Fast forward a few years to now, Chris and I are indeed selecting a wedding cake. And oh my are there cakey options. We went to a cake tasting where we were presented an array of cupcakes in different flavors and icings. They were all incredibly delicious but by the time I left I was done with sugar for a week.

Cupcakes by Whipped Bakeshop
Cupcakes by Whipped Bakeshop

We ended up going with Whipped Bakeshop, a cute bakery in Philly which ironically enough got its start on Etsy.

In a rare fit of restraint we decided not to go the super video game route with our wedding decor, and instead opted for a much more mild “pixel” theme.

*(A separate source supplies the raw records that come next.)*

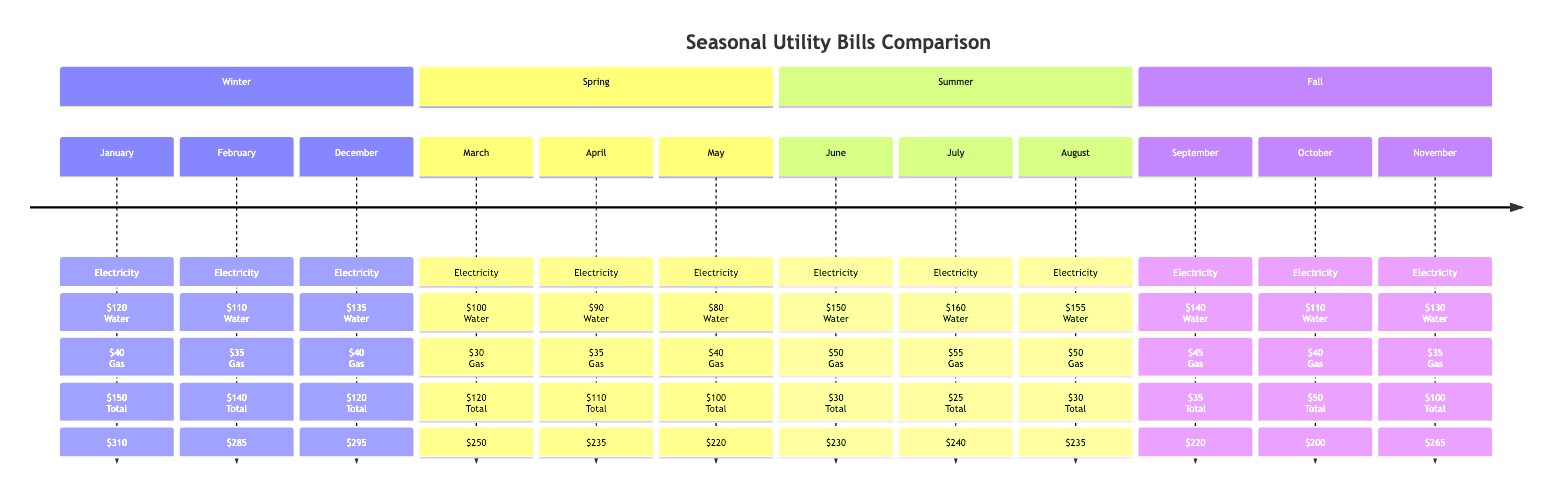What is the total utility cost for July? The total utility cost for July can be found in the summer section of the diagram. For July, the total cost listed is $240.
Answer: 240 Which month has the highest electricity bill? To determine which month has the highest electricity bill, we scan through all the months listed. July shows the highest electricity bill of $160.
Answer: 160 What is the total bill for the month of April? In the spring section, April's total cost is mentioned directly and is $235.
Answer: 235 How does the gas bill in March compare to the gas bill in November? By comparing the gas bill values directly from both months, March has a gas bill of $120, while November has a gas bill of $100. Therefore, March's gas bill is higher than November's.
Answer: Higher In which season is the electricity bill consistently the lowest? By looking at the electricity bills for each season, spring has the lowest electricity bills at $100, $90, and $80 for March, April, and May, respectively.
Answer: Spring What is the difference in total utility cost between January and February? To find the difference, we subtract February's total cost of $285 from January's total cost of $310. The difference is $310 - $285 = $25.
Answer: 25 How many months fall under the summer season? By examining the timeline, we see that there are three months listed under the summer section: June, July, and August. Hence, the total is three months.
Answer: 3 Which month has the lowest total utility bill? Looking at the total costs for each month, we find October has the lowest total utility bill of $200.
Answer: 200 What is the water bill amount for September? September's water bill is specifically listed as $45 in the fall section of the timeline.
Answer: 45 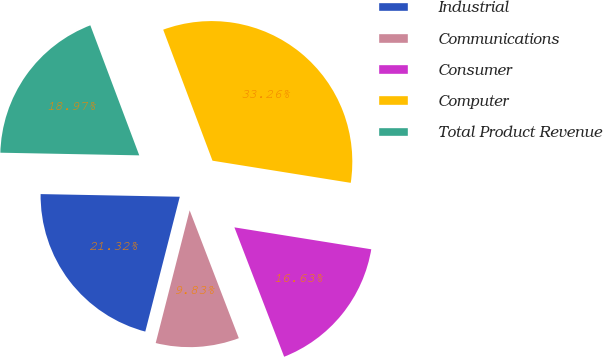Convert chart. <chart><loc_0><loc_0><loc_500><loc_500><pie_chart><fcel>Industrial<fcel>Communications<fcel>Consumer<fcel>Computer<fcel>Total Product Revenue<nl><fcel>21.32%<fcel>9.83%<fcel>16.63%<fcel>33.26%<fcel>18.97%<nl></chart> 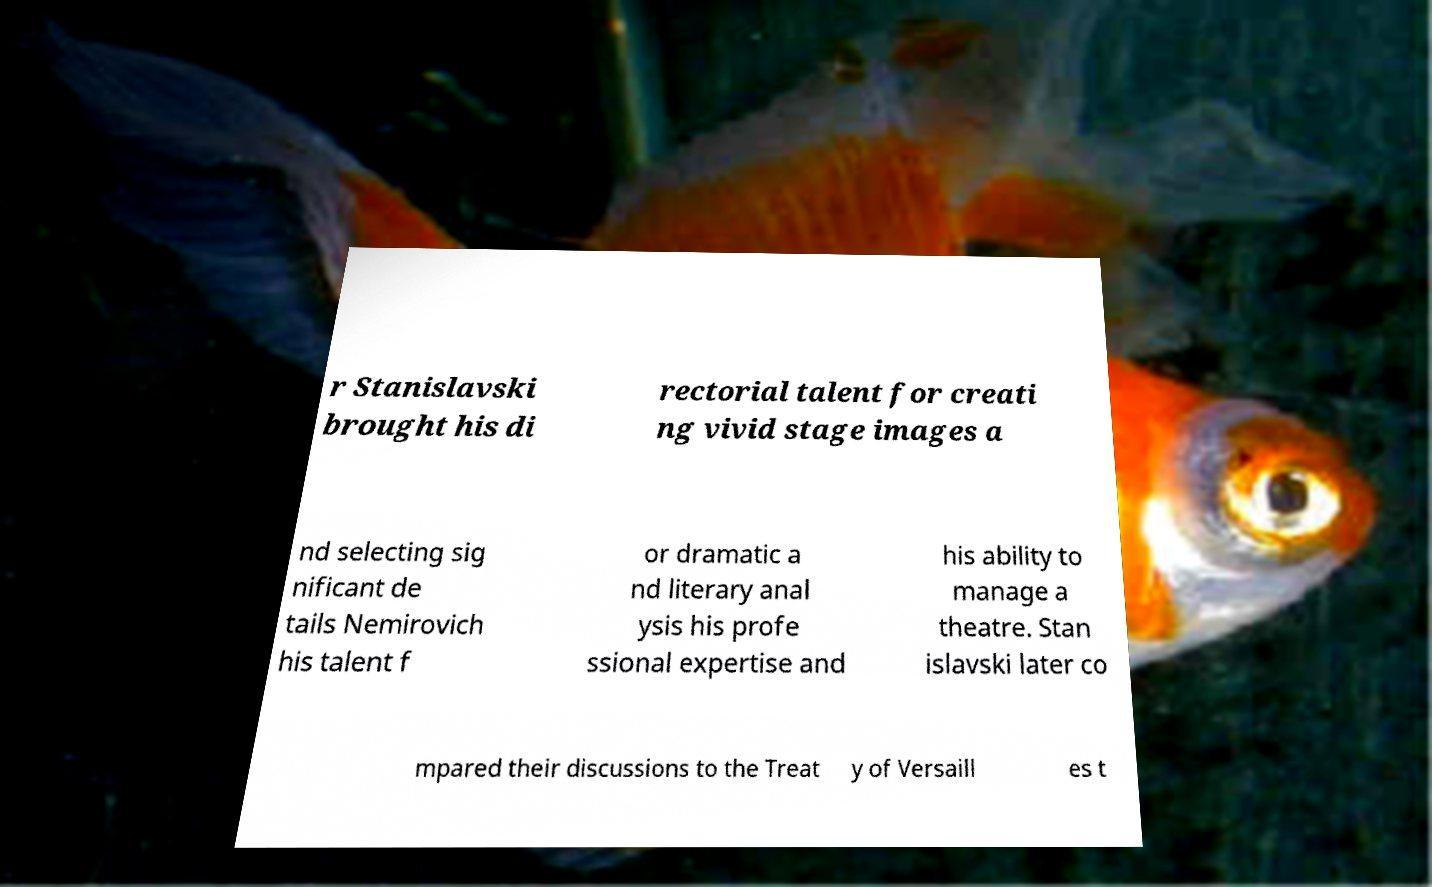Could you extract and type out the text from this image? r Stanislavski brought his di rectorial talent for creati ng vivid stage images a nd selecting sig nificant de tails Nemirovich his talent f or dramatic a nd literary anal ysis his profe ssional expertise and his ability to manage a theatre. Stan islavski later co mpared their discussions to the Treat y of Versaill es t 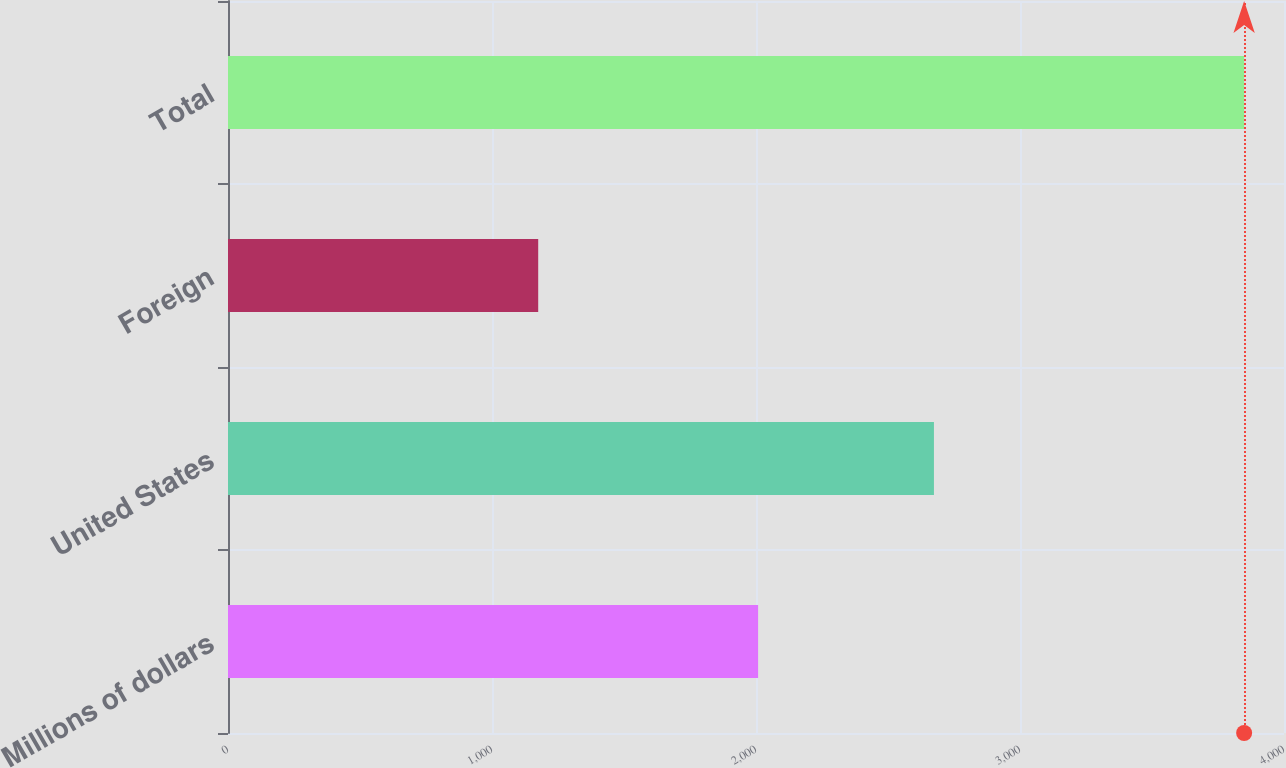Convert chart. <chart><loc_0><loc_0><loc_500><loc_500><bar_chart><fcel>Millions of dollars<fcel>United States<fcel>Foreign<fcel>Total<nl><fcel>2008<fcel>2674<fcel>1175<fcel>3849<nl></chart> 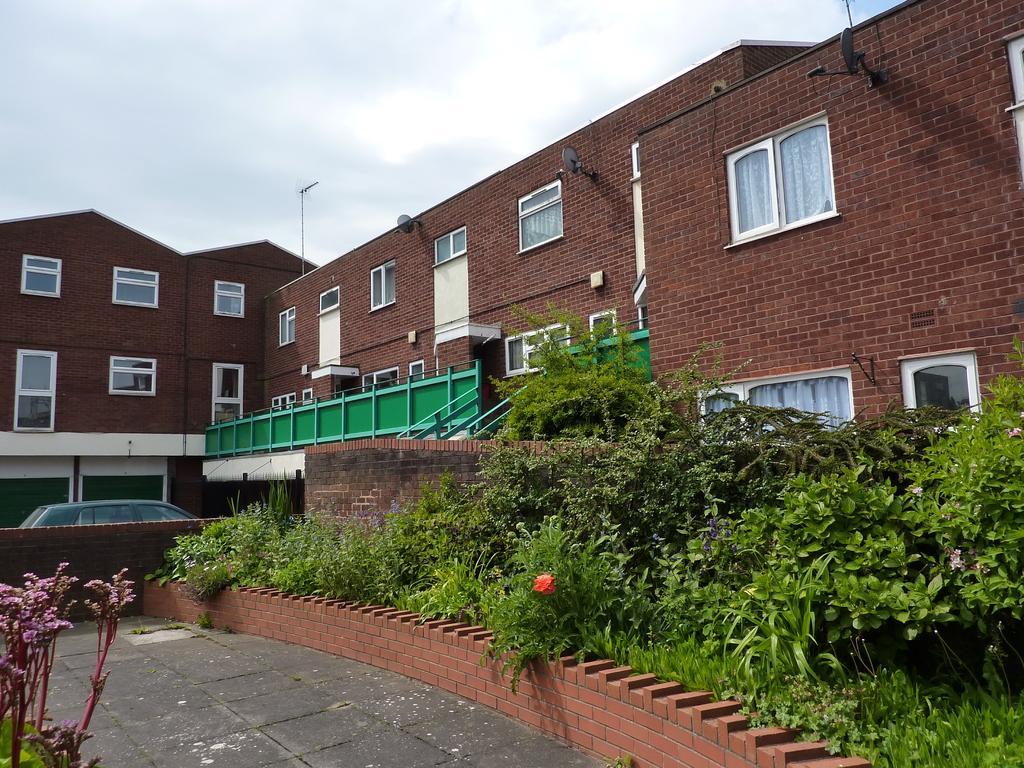Can you describe this image briefly? This picture is clicked outside the sitting. Here we see a building which is made of red color bricks. Beside that, we see staircase and iron railing which is green in color and beside that, we see many trees and plants. In front of the building, we see car and on top of the picture, we see sky.

I realize Mrs Manners does not approve of “themes” at weddings. She believes the “theme” is marriage. And while I do take the teachings of Mrs Manners to heart, I’m letting this one slide. Mrs Manners will not be attending my wedding. Plus, we’re not including any of the tree-killing reply cards she so hates in our invitations. Clearly that’s what the custom wedding reservation CMS I’ve written is for.

Come on now, really, how could you have two web developers get married without one?

Here’s the sketch of our cake, I’m pretty excited to see it in person:
Cake Sketch

Not only does it look awesome, but it will be made of THREE different flavors (each on a different tier): chocolate, lemon, and carrot ginger.